After abolishing the line of scrimmage, a whole lot of possibilities opened up. I could place one of my guys right behind the quarterback, so that he ran right into me the second he snapped the ball. I could line up 10 yards behind the running back with Controller A, place Controller B on the floor and get a running start with my tackler. And then, like a diabolical sewing machine, I'd snap the ball on offense with my foot just as my guy was ready to lay the wood. It was the saddest of storytelling quilts.
Before long, I was getting pretty good at intercepting pitches.
Thankfully, the game counted those as fumbles, which I was happy to add to the overall tally.
These offside shenanigans were so fun that I had to expand them to the kicking game. It wouldn't let me try to kick on the opponent's hold, which was frankly a little disappointing.
Sometimes Madden will tell me, in no uncertain terms, "no."

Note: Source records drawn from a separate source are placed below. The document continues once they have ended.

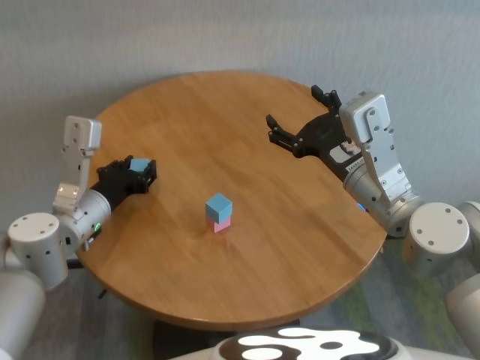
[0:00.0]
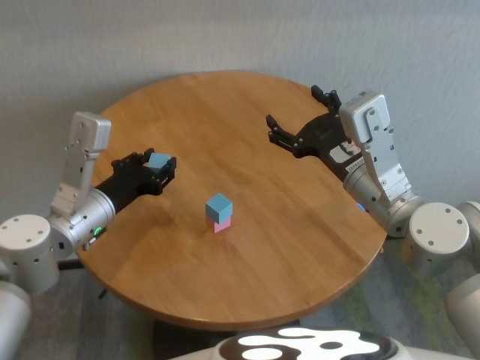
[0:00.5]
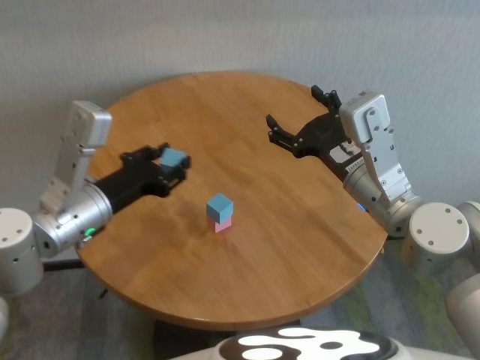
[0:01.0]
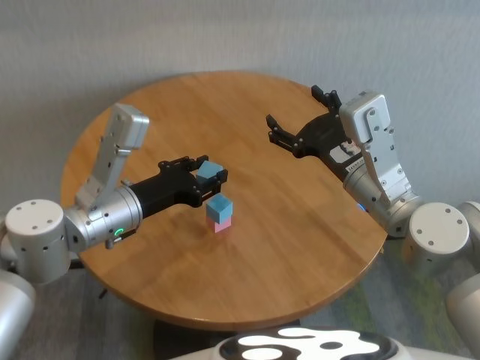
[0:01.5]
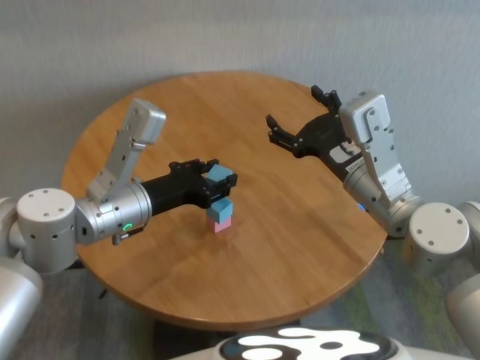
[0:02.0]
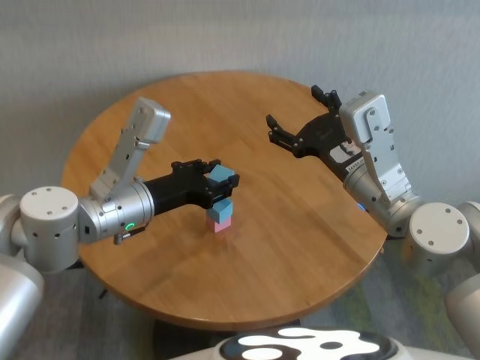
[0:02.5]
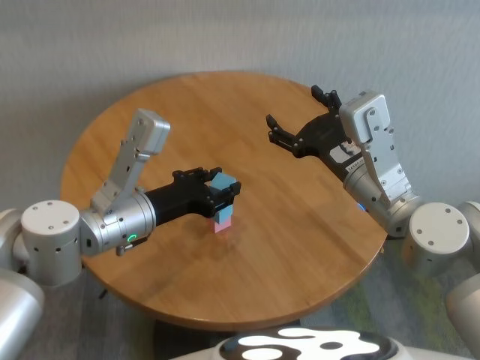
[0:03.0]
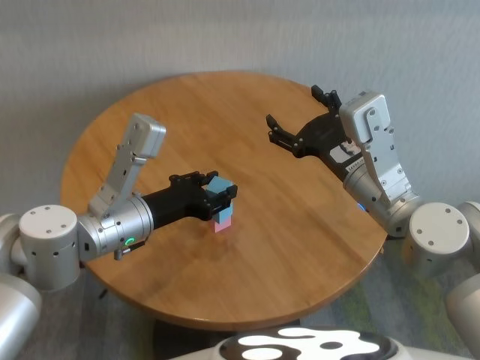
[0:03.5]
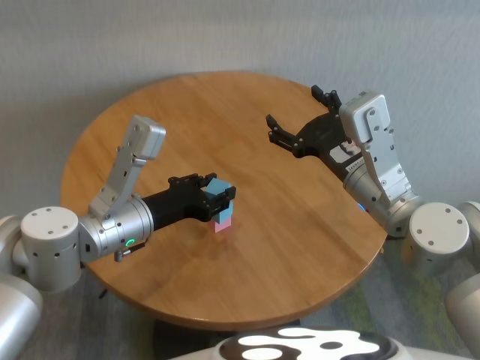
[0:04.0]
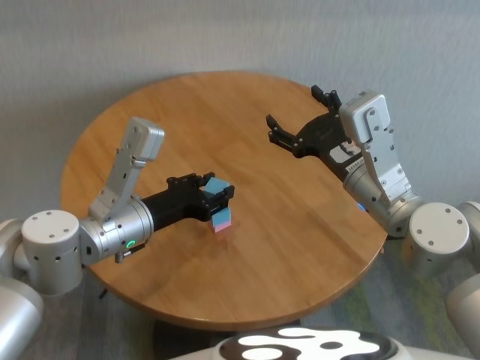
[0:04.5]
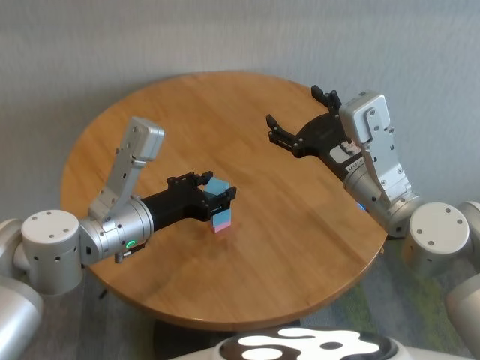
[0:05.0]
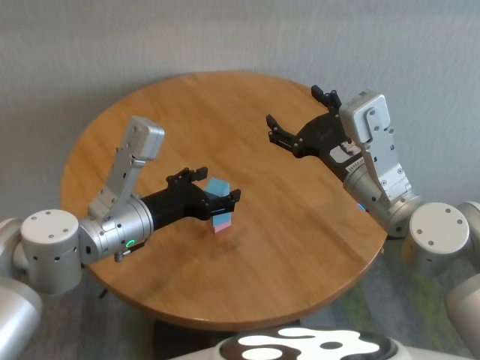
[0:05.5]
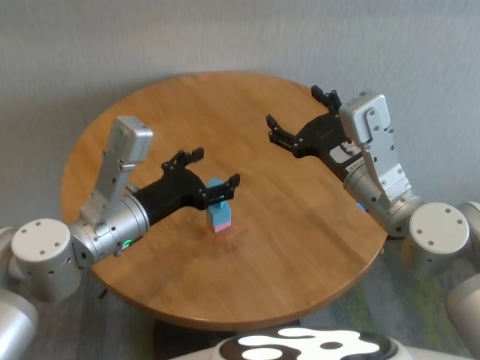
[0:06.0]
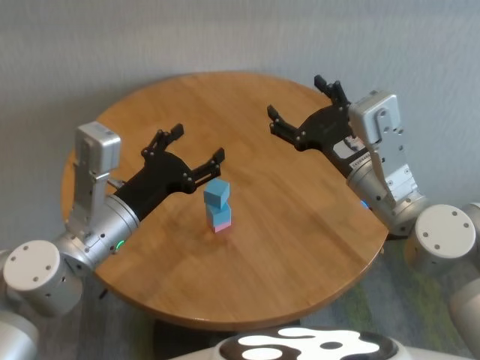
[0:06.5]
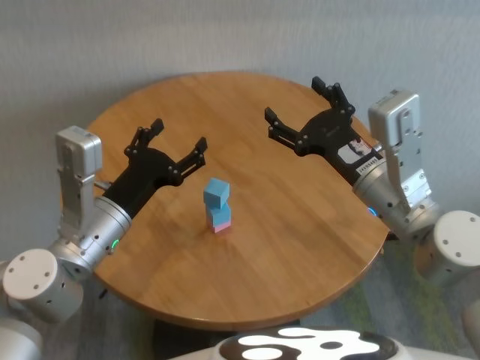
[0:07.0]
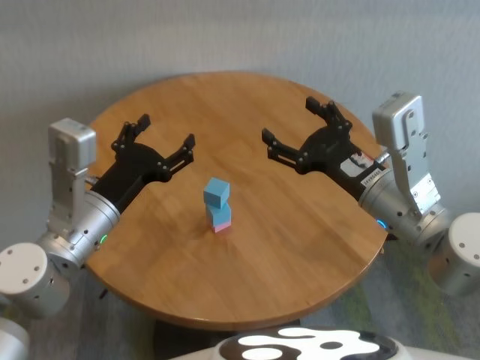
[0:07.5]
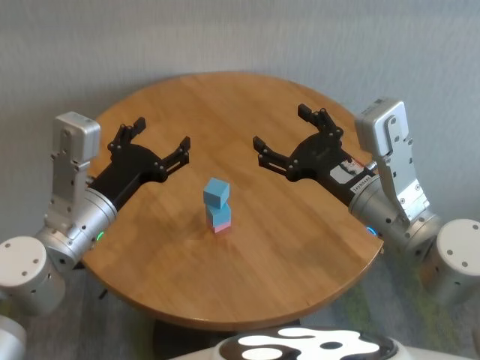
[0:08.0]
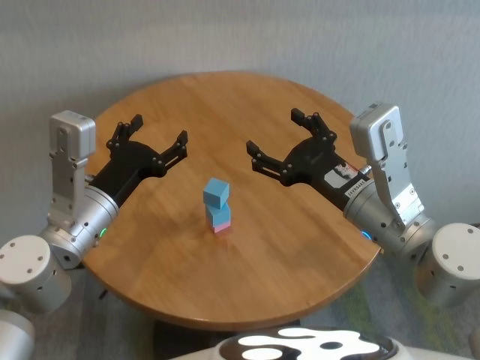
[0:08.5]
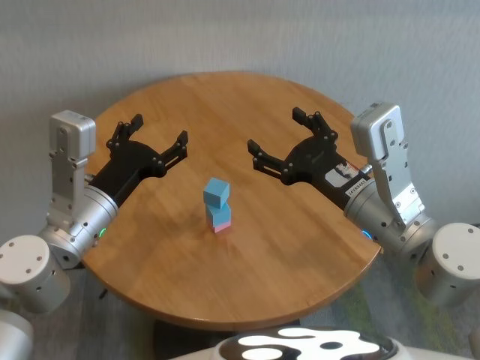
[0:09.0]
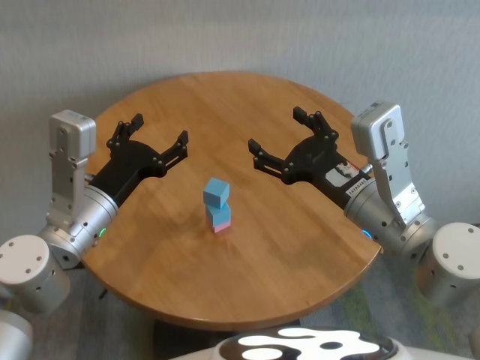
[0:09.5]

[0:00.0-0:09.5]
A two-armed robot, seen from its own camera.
Task of the whole recording: stack building blocks on the table.
Step, 0:00.0 to 0:05.0: Place the blue building block on the blue building blocks with left gripper.

"No. You cannot do that. You cannot line up a defender between the kicker and the holder and then tackle the kicker before he gets to the ball. I have spun around in this little box all afternoon and watched as you committed 30,000 penalties, issued felonious quantities of assault, roundly mocked me, and trivialized the fine work that lots and lots of folks put into making a fun video game. But I cannot let you do that."
Since both the Saints and Panthers were on equal footing, I frankly didn't care who won. Under these settings, the game was so extraordinarily time-consuming that I decided to call it quits after a half. (The score was Panthers 23, Saints 9, thanks entirely to defensive touchdowns and safeties.) I simply felt that I had ruined all I could. I mean, you can only burn a village to the ground once, you know?
After one half, this game featured:
- Negative-435 total yards
- 140 tackles
- 144 fumble recovery yards
- 30 fumbles
Yes sir/ma'am, we were on pace for 60 fumbles in a single game. That's more than double the amount that any real-life team has over the course of this entire season.
I was satisfied. Madden was thoroughly broken.
But with 10 seconds left in the half, we had a moment. It was the single most extraordinary moment in the history of BREAKING MADDEN. In fact, it might be the moment of my entire video-gaming life.
I intercepted one last pitch and ran to the end zone. I watched the replay, and Drew Brees caught my eye, and ...
Music: "The Cold Part" from Modest Mouse's 2000 album, "The Moon and Antarctica"
... and he looked up at me and smiled.
He smiled. He understands. He knows.